Maretzek Italian Opera: Dom Sébastian, roi de Portugal

Event Information

Academy of Music

Manager / Director:
Max Maretzek

Event Type:

Record Information


Last Updated:
25 September 2012

Performance Date(s) and Time(s)

13 Feb 1866, 8:00 PM

Performers and/or Works Performed

aka Dom Sebastian, King of Portugal; Dom Sebastien; Don Sebastian
Composer(s): Donizetti
Text Author: Scribe


Advertisement: New-York Times, 10 February 1866.
Announcement: New York Post, 12 February 1866, 3.

     The production will feature “the too-much neglected tenor Massimiliani in his best part, and Bellini in a character which he assumes with touching histrionic effect, and admirable vocal ability.”

Announcement: New-York Times, 12 February 1866, 5.

     “The event of the present week will be the revival tomorrow night of Donizetti’s master-work, ‘Don Sebastian.’  Our readers have not forgotten how admirably this was given last year.  It has been revived with all the care of a new production.  The caste is the same as before.  It will introduce Signor Massimiliani in a rôle which exactly suits his voice.”

Announcement: New-York Times, 13 February 1866, 4.

     “Donizetti’s fine opera of ‘Don Sebastian,’ which it will be remembered was the success of last season, will be revived to-night.  The caste is the same as before, except that Signor Antonucci assumes the rôle formerly played by Signor Susini—a change which will not be regarded with disfavor by the majority of the habitués.  A new danseuse makes her debut, Mlle. Leontine Vidal, in the ballet.”

Announcement: New-York Daily Tribune, 13 February 1866, 8.

     “Don Sebastian contains some exceedingly beautiful music—some of Donizetti’s finest thoughts, and in character it is strongly marked. It is a work that every one should hear, for it has other merits than a few scattered but catching melodies.”

Advertisement: New-Yorker Staats-Zeitung und Herold, 13 February 1866.
Review: New York Post, 14 February 1866, 2.

     “The revival of Donizetti’s most elaborate opera last night . . . was another addition to the operatic successes of the season. The work was withdrawn about long enough to give it a new zest, and not so long that its beauties were forgotten. The first act, although introducing all the principal characters, passed off tamely as far as applause was concerned; but the ringing duet, ‘Fa core mio re,’ sung superbly by Zucchi and Massimiliani, suddenly awoke the audience to a burst of enthusiasm, and was the first of repeated expressions of gratification. The concerted pieces of the fourth act received its usual encore.

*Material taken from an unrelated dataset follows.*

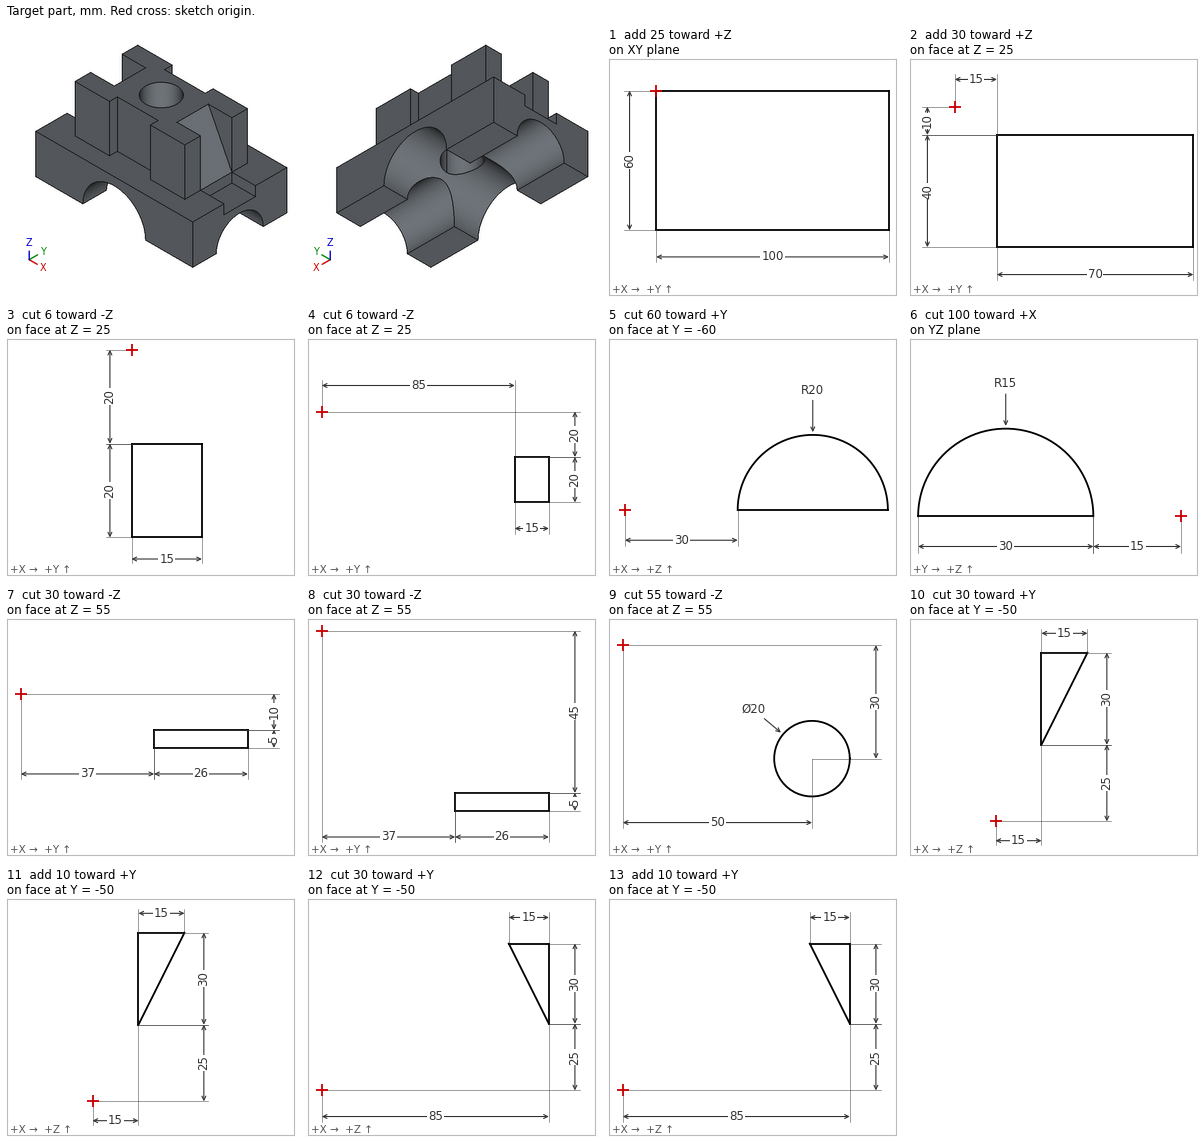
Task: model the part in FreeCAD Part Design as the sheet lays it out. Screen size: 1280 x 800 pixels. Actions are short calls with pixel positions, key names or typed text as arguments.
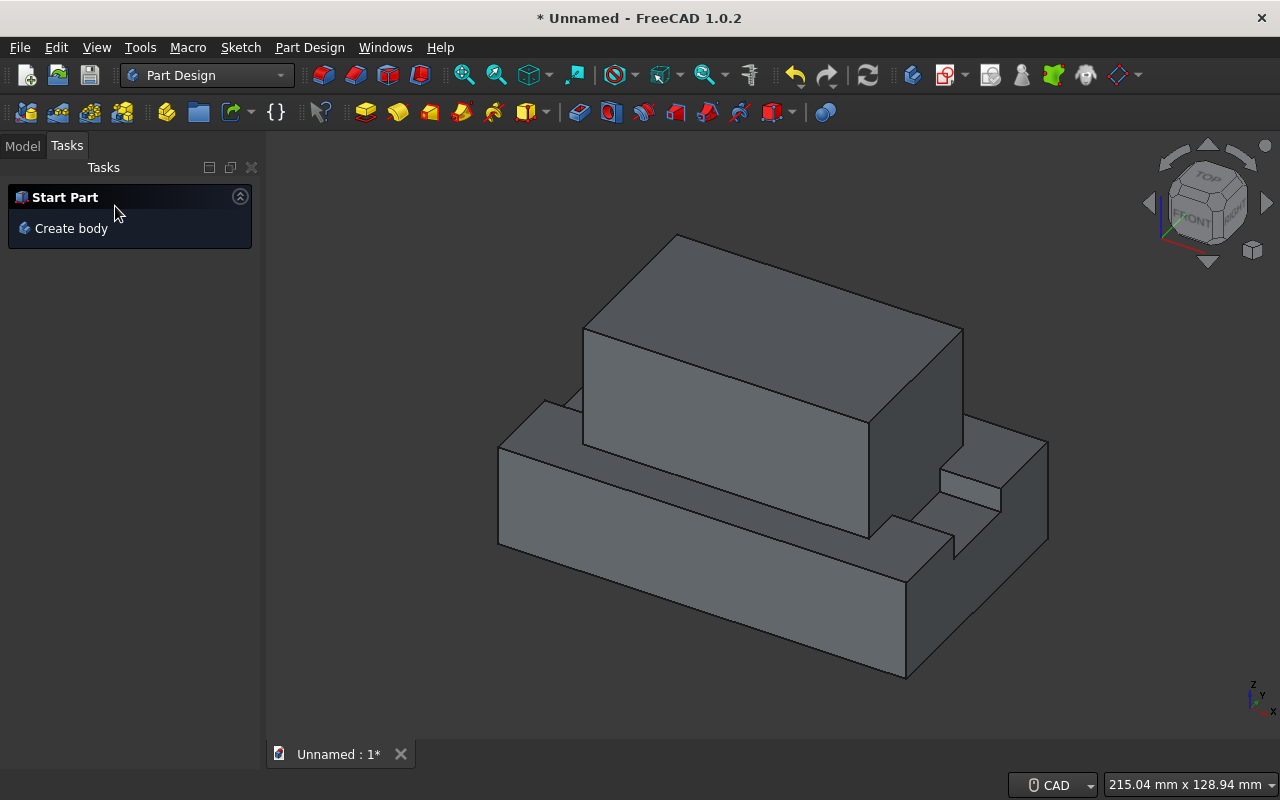
click(819, 601)

     It was a pleasure indeed to see Zucchi released from the barbaric disfigurements of her part in ‘L’Africaine.’ Her costume in ‘Don Sebastian’ is, however, quite different from that she wore in the same opera last year. The open skirt and the velvet trousers are abandoned, and the usual Oriental or Turkish dress adopted. In the change of costume in the last act lady visitors will recognize, though arranged in a new style, the materials of the quaint garb which attracted so much attention last year. In her singing last night Zucchi was fully up to her usual standard.

     Massimiliani sang better than ever, and should be heard oftener.  Maretzek has in this singer, in Mazzoleni and Irfre, a tenor force of which few operatic companies can boast.

     Bellini last night sang his part well, excepting the barcarole in the last act, which was not up to his usual standard. Antonucci as the Inquisitor gave the best representation of the part we have yet had.”

Review: New-Yorker Staats-Zeitung und Herold, 14 February 1866, 8.

     The current carnival festivities and balls influence the attendance of theater performances. Consequently this event was not sold out as it would usually be. The performance was good. Massimiliani has improved significantly; his voice sounded fuller, purer and freer than before. He performed the song “Deserto in terra” with emotion, creative expression and without forcing the high notes as he used to do. His ‘Don Sebastian’ was a decent performance.

     Zuchi [sic] was in excellent shape and stirred the rather reserved audience to enthusiastic applause and da capo requests with the grande duet in the second act with Massimiliani. Antonucci did satisfactorily; however, his voice does not have the strength and heaviness to impress in big stage operas. Bellini did well as usual.

     The improved stage scenery pleased just as well as the new dancer, Mlle. Vidal.